Orang seperti ini sebaiknya jangan dimusuhi, karena punya hubungan baik dengan banyak orang, jika ada konflik, opini publik akan berpihak padanya.
Ning Weidong tidak pura-pura bodoh, ia tersenyum, “Ibu mau tanya soal kaki Shi kemarin malam terkilir?”
Ibu Wang mengangguk cepat, menurunkan suara, “Coba ceritakan ke ibu, sebenarnya bagaimana?”
Semalam, Shi Xiaonan dan Wang Kai pulang dengan wajah muram, tak saling bicara. Ibu Wang tak berani bertanya, menunggu sampai tengah malam, mendengar anak dan menantu bertengkar. Shi Xiaonan menjaga harga diri, tak ingin jadi bahan gunjingan tetangga, bertengkar pun suaranya dikecilkan. Wang Kai juga begitu.
Ibu Wang menempelkan telinga di dinding, setelah lama mendengar tetap bingung, hanya mendengar nama Ning Weidong disebut.
Ning Weidong pun menceritakan kejadian semalam, saat Shi Xiaonan terluka dan ia mengantarnya pulang dengan sepeda, lalu berkata, “Bu Wang, begitulah kejadiannya. Saya pikir, kita semua tetangga, tapi siapa yang tahu... Ibu mau saya harus ke mana mencari keadilan?”
Ibu Wang langsung paham, buru-buru meminta maaf, “Aduh, kakakmu Wang memang keras kepala, ibu minta maaf atas namanya...” Ia mengoceh panjang lebar, akhirnya berkata, “Weidong, tolong jangan sebarkan cerita ini.”

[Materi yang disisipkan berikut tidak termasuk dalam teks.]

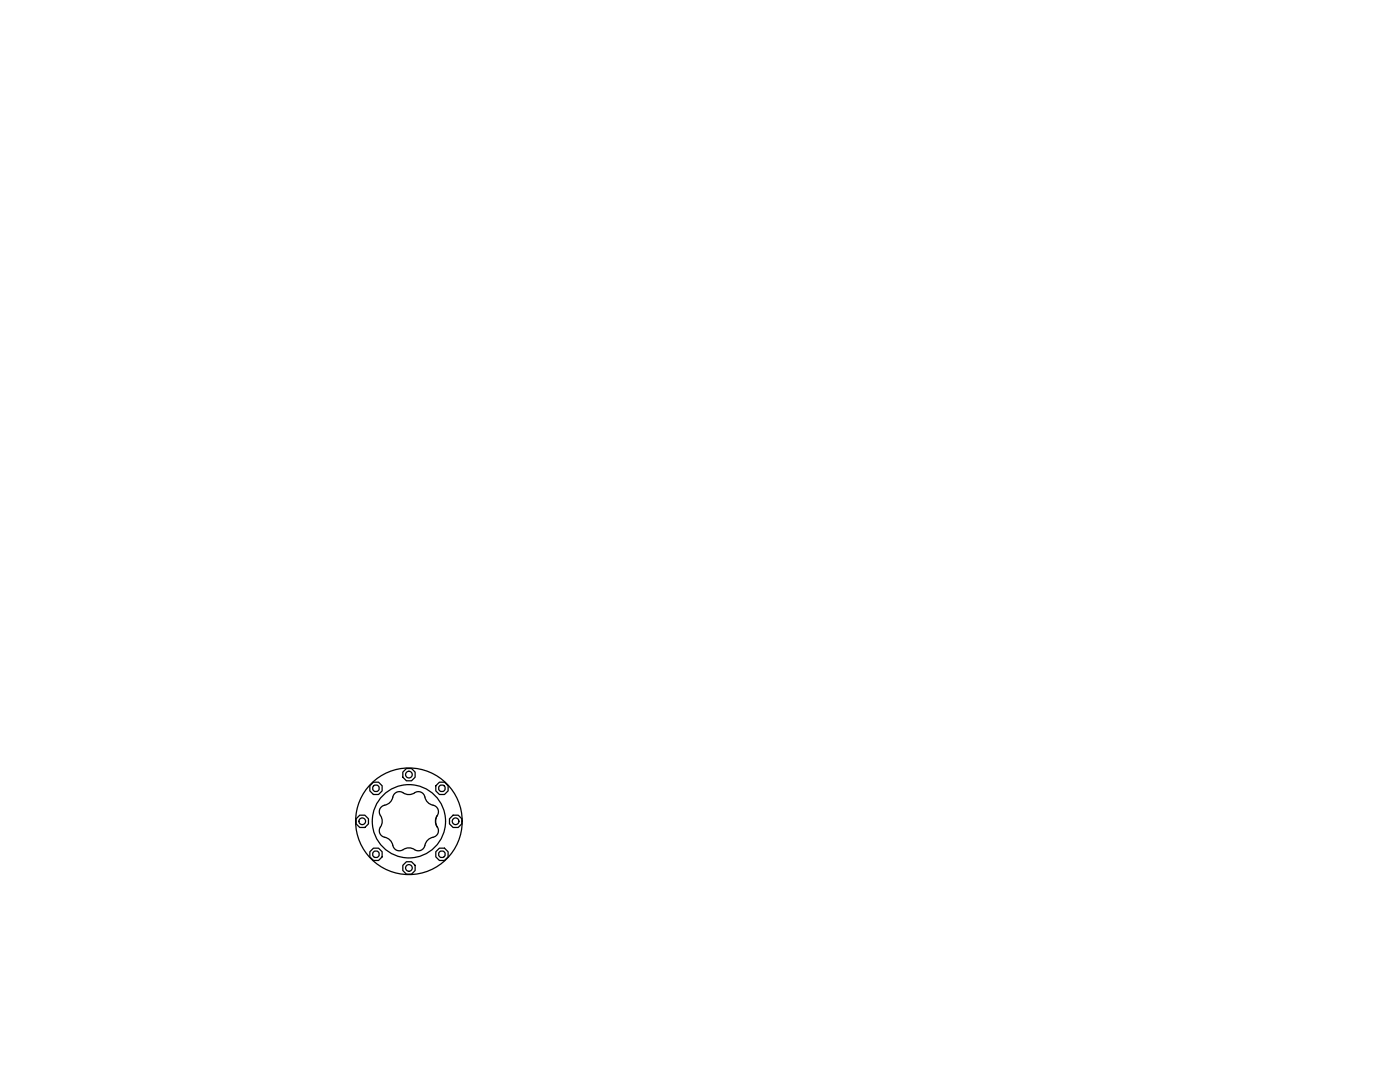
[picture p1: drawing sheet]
<svg xmlns="http://www.w3.org/2000/svg" width="279mm" height="216mm" viewBox="0 0 279 216" stroke-linecap="round" stroke-linejoin="round" font-family="sans-serif">
<!-- layer: 0 -->
<g fill="none" stroke="#000" stroke-width=".25">
<path d="M82.7 158.2a1.45 1.45 0 0 1 2.2 1.3 3.2 3.2 0 0 0 2.1 1.4 1.51 1.51 0 0 1 0 2.3 2.19 2.19 0 0 0 .4 2.1 1.32 1.32 0 0 1-1 1.8M82.8 158.2a2.19 2.19 0 0 1-2.6-.2 1.48 1.48 0 0 0-2 1.5 3.2 3.2 0 0 1-2 1.4 1.51 1.51 0 0 0 0 2.3 2.19 2.19 0 0 1-.4 2.1 1.32 1.32 0 0 0 1 1.8M76.8 167.1a2.2 2.2 0 0 1 1.7 1.9 1.48 1.48 0 0 0 2.4 .3 2 2 0 0 1 1.9 .2M86.4 167.1a2.2 2.2 0 0 0-1.7 1.9 1.32 1.32 0 0 1-2 .5"/>
<circle cx="75" cy="157.3" r=".67"/>
<circle cx="75" cy="157.3" r="1.33"/>
<circle cx="81.6" cy="154.6" r=".67"/>
<circle cx="81.6" cy="154.6" r="1.33"/>
<circle cx="88.2" cy="157.3" r=".67"/>
<circle cx="88.2" cy="157.3" r="1.33"/>
<circle cx="72.3" cy="163.9" r=".67"/>
<circle cx="72.3" cy="163.9" r="1.33"/>
<circle cx="75" cy="170.5" r=".67"/>
<circle cx="75" cy="170.5" r="1.33"/>
<circle cx="81.6" cy="163.9" r="10.6"/>
<circle cx="81.6" cy="163.9" r="7.3"/>
<circle cx="81.6" cy="173.2" r=".67"/>
<circle cx="81.6" cy="173.2" r="1.34"/>
<circle cx="88.2" cy="170.5" r=".67"/>
<circle cx="88.2" cy="170.5" r="1.33"/>
<circle cx="90.9" cy="163.9" r=".67"/>
<circle cx="90.9" cy="163.9" r="1.33"/>
</g>
</svg>

Ning Weidong mengerti kekhawatiran ibu Wang, soal begini memang gampang jadi bahan omongan. Sekalipun Shi Xiaonan menantunya, kalau ada gosip, yang malu adalah anaknya.
Setelah menitipkan pesan, ibu Wang merasa masih kurang aman, ia berkata, “Tunggu sebentar,” lalu masuk ke rumah. Keluar lagi, ia membawa sekotak rokok dan memberikannya pada Ning Weidong, “Terima kasih ya.”
Ning Weidong melihat, itu rokok merek Da Qianmen, tiga puluh sen per bungkus, cukup bagus. Ia tersenyum, “Ibu jangan khawatir, saya tahu harus bagaimana, saya pulang dulu.”
Setelah mendapat kepastian, ibu Wang sedikit lega, melihat Ning Weidong masuk lewat pintu bulan, wajahnya berubah suram.
Ia punya firasat, anak keduanya dan Shi Xiaonan sepertinya memang akan berakhir.